> _Instructions to follow_: Count the lines below that include the word "display" and write that number alone.

Dataset entries Start Marker

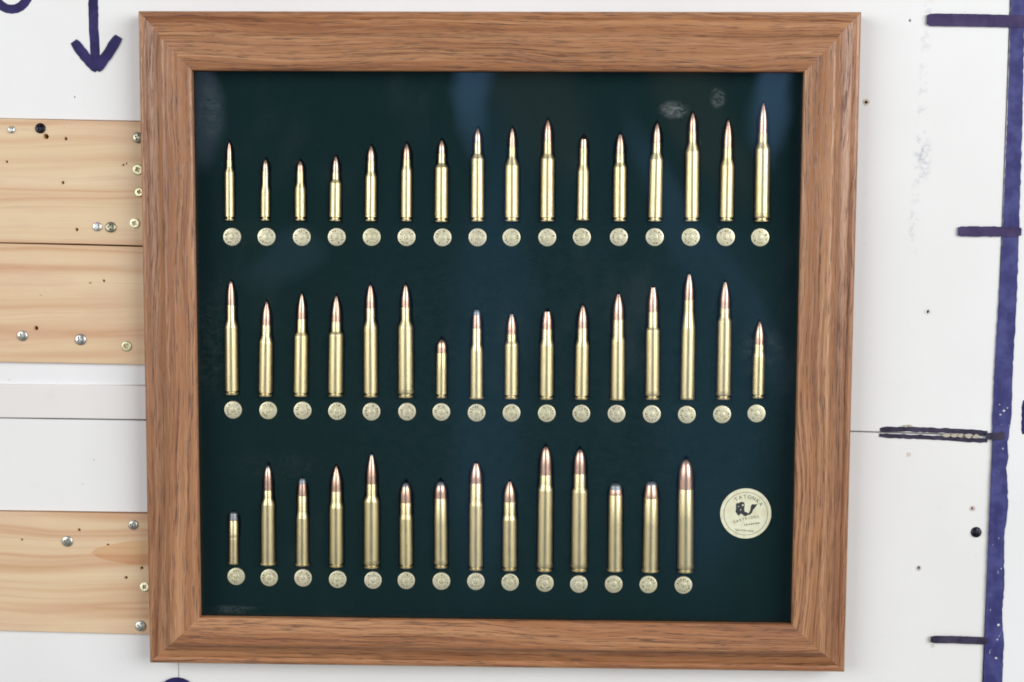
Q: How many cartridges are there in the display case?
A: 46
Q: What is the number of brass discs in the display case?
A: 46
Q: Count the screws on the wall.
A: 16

Dataset entries End Marker

> _Written answer_: 2